The first row in the data set is essentially the table definition with subsequent rows being the actual data. While we don’t get back the data in a typical SQL-esque fashion — each entry in the array is an associative array with the key being column name, we could easily build a parser / formatter to take that first row of data and use it to return a similar structure. That is one bit of coding that can handle any data changes down the line.

Winner: Athena lands a solid blow to q’s gut by not needing to worry about having to update code any time the data format changes.
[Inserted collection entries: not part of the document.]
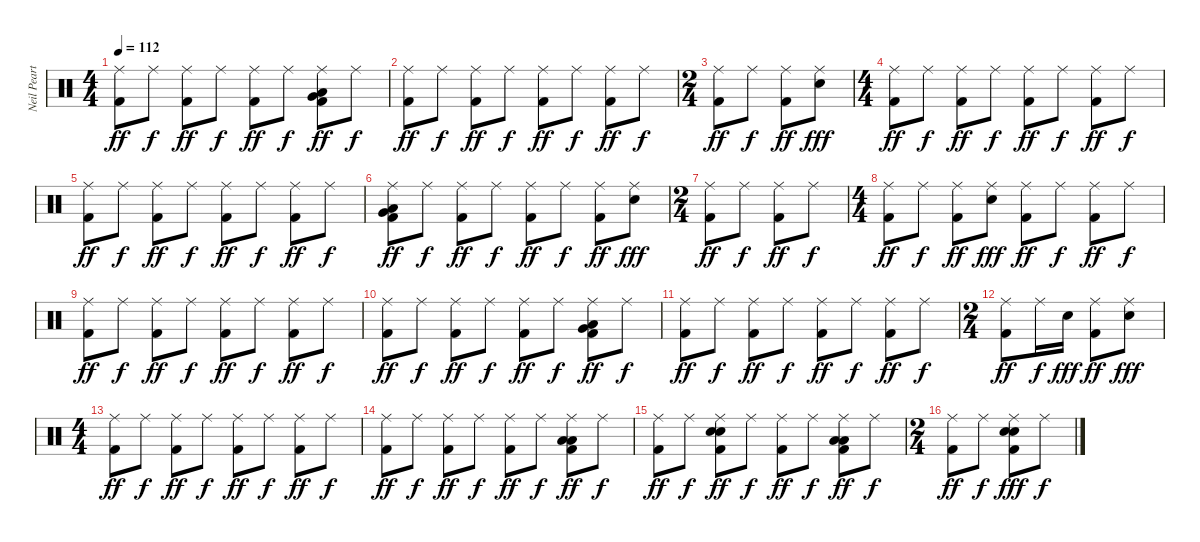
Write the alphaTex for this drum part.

\track ("Neil Peart" "Neil Peart") {instrument percussion}
\staff {score}
\articulation defaults
\ts (4 4)
\tempo 112
\clef neutral
\ks c
("Kick (hit) 2" "Ride (middle)").8{dy ff} "Ride (middle)".8{dy f} ("Kick (hit) 2" "Ride (middle)").8{dy ff} "Ride (middle)".8{dy f} ("Kick (hit) 2" "Ride (middle)").8{dy ff} "Ride (middle)".8{dy f} ("Very Low Tom (hit)" "Ride (middle)" "Low Tom (hit)" "Kick (hit) 2").8{dy ff} "Ride (middle)".8{dy f} |
("Kick (hit) 2" "Ride (middle)").8{dy ff} "Ride (middle)".8{dy f} ("Kick (hit) 2" "Ride (middle)").8{dy ff} "Ride (middle)".8{dy f} ("Kick (hit) 2" "Ride (middle)").8{dy ff} "Ride (middle)".8{dy f} ("Kick (hit) 2" "Ride (middle)").8{dy ff} "Ride (middle)".8{dy f} |
\ts (2 4)
("Kick (hit) 2" "Ride (middle)").8{dy ff} "Ride (middle)".8{dy f} ("Kick (hit) 2" "Ride (middle)").8{dy ff} ("Snare (hit) 2" "Ride (middle)").8{dy fff} |
\ts (4 4)
("Kick (hit) 2" "Ride (middle)").8{dy ff} "Ride (middle)".8{dy f} ("Kick (hit) 2" "Ride (middle)").8{dy ff} "Ride (middle)".8{dy f} ("Kick (hit) 2" "Ride (middle)").8{dy ff} "Ride (middle)".8{dy f} ("Kick (hit) 2" "Ride (middle)").8{dy ff} "Ride (middle)".8{dy f} |
("Kick (hit) 2" "Ride (middle)").8{dy ff} "Ride (middle)".8{dy f} ("Kick (hit) 2" "Ride (middle)").8{dy ff} "Ride (middle)".8{dy f} ("Kick (hit) 2" "Ride (middle)").8{dy ff} "Ride (middle)".8{dy f} ("Kick (hit) 2" "Ride (middle)").8{dy ff} "Ride (middle)".8{dy f} |
("Very Low Tom (hit)" "Ride (middle)" "Low Tom (hit)" "Kick (hit) 2").8{dy ff} "Ride (middle)".8{dy f} ("Kick (hit) 2" "Ride (middle)").8{dy ff} "Ride (middle)".8{dy f} ("Kick (hit) 2" "Ride (middle)").8{dy ff} "Ride (middle)".8{dy f} ("Kick (hit) 2" "Ride (middle)").8{dy ff} ("Snare (hit) 2" "Ride (middle)").8{dy fff} |
\ts (2 4)
("Ride (middle)" "Kick (hit) 2").8{dy ff} "Ride (middle)".8{dy f} ("Ride (middle)" "Kick (hit) 2").8{dy ff} "Ride (middle)".8{dy f} |
\ts (4 4)
("Ride (middle)" "Kick (hit) 2").8{dy ff} "Ride (middle)".8{dy f} ("Ride (middle)" "Kick (hit) 2").8{dy ff} ("Ride (middle)" "Snare (hit) 2").8{dy fff} ("Ride (middle)" "Kick (hit) 2").8{dy ff} "Ride (middle)".8{dy f} ("Ride (middle)" "Kick (hit) 2").8{dy ff} "Ride (middle)".8{dy f} |
("Kick (hit) 2" "Ride (middle)").8{dy ff} "Ride (middle)".8{dy f} ("Kick (hit) 2" "Ride (middle)").8{dy ff} "Ride (middle)".8{dy f} ("Kick (hit) 2" "Ride (middle)").8{dy ff} "Ride (middle)".8{dy f} ("Kick (hit) 2" "Ride (middle)").8{dy ff} "Ride (middle)".8{dy f} |
("Kick (hit) 2" "Ride (middle)").8{dy ff} "Ride (middle)".8{dy f} ("Kick (hit) 2" "Ride (middle)").8{dy ff} "Ride (middle)".8{dy f} ("Kick (hit) 2" "Ride (middle)").8{dy ff} "Ride (middle)".8{dy f} ("Very Low Tom (hit)" "Ride (middle)" "Low Tom (hit)" "Kick (hit) 2").8{dy ff} "Ride (middle)".8{dy f} |
("Kick (hit) 2" "Ride (middle)").8{dy ff} "Ride (middle)".8{dy f} ("Kick (hit) 2" "Ride (middle)").8{dy ff} "Ride (middle)".8{dy f} ("Kick (hit) 2" "Ride (middle)").8{dy ff} "Ride (middle)".8{dy f} ("Kick (hit) 2" "Ride (middle)").8{dy ff} "Ride (middle)".8{dy f} |
\ts (2 4)
("Ride (middle)" "Kick (hit) 2").8{dy ff} "Ride (middle)".16{dy f} "Snare (hit) 2".16{dy fff} ("Ride (middle)" "Kick (hit) 2").8{dy ff} ("Snare (hit) 2" "Ride (middle)").8{dy fff} |
\ts (4 4)
("Kick (hit) 2" "Ride (middle)").8{dy ff} "Ride (middle)".8{dy f} ("Kick (hit) 2" "Ride (middle)").8{dy ff} "Ride (middle)".8{dy f} ("Kick (hit) 2" "Ride (middle)").8{dy ff} "Ride (middle)".8{dy f} ("Kick (hit) 2" "Ride (middle)").8{dy ff} "Ride (middle)".8{dy f} |
("Kick (hit) 2" "Ride (middle)").8{dy ff} "Ride (middle)".8{dy f} ("Kick (hit) 2" "Ride (middle)").8{dy ff} "Ride (middle)".8{dy f} ("Kick (hit) 2" "Ride (middle)").8{dy ff} "Ride (middle)".8{dy f} ("Low Floor Tom (hit)" "Low Tom (hit)" "Kick (hit) 2" "Ride (middle)").8{dy ff} "Ride (middle)".8{dy f} |
("Kick (hit) 2" "Ride (middle)").8{dy ff} "Ride (middle)".8{dy f} ("Snare (hit) 2" "Snare (hit) 2" "Kick (hit) 2" "Ride (middle)").8{dy ff} "Ride (middle)".8{dy f} ("Kick (hit) 2" "Ride (middle)").8{dy ff} "Ride (middle)".8{dy f} ("Low Floor Tom (hit)" "Low Tom (hit)" "Kick (hit) 2" "Ride (middle)").8{dy ff} "Ride (middle)".8{dy f} |
\ts (2 4)
("Ride (middle)" "Kick (hit) 2").8{dy ff} "Ride (middle)".8{dy f} ("Snare (hit) 2" "Ride (middle)" "Kick (hit) 2" "Snare (hit) 2").8{dy fff} "Ride (middle)".8{dy f}

Current Score: Athena 4 — q 3

Here is your winner…

AthenaAthena wins with a decisive knock out blow in the final round. While you do have some operating expenses in its use of S3 and scanning the data, Athena provides everything we need to process CSV data and serve it up to our customers. Our developers can query the data in SQL like they would with any other data source through the SDK API calls. Given it can parse other file formats, this is definitely a tool I can see reaching for more frequently.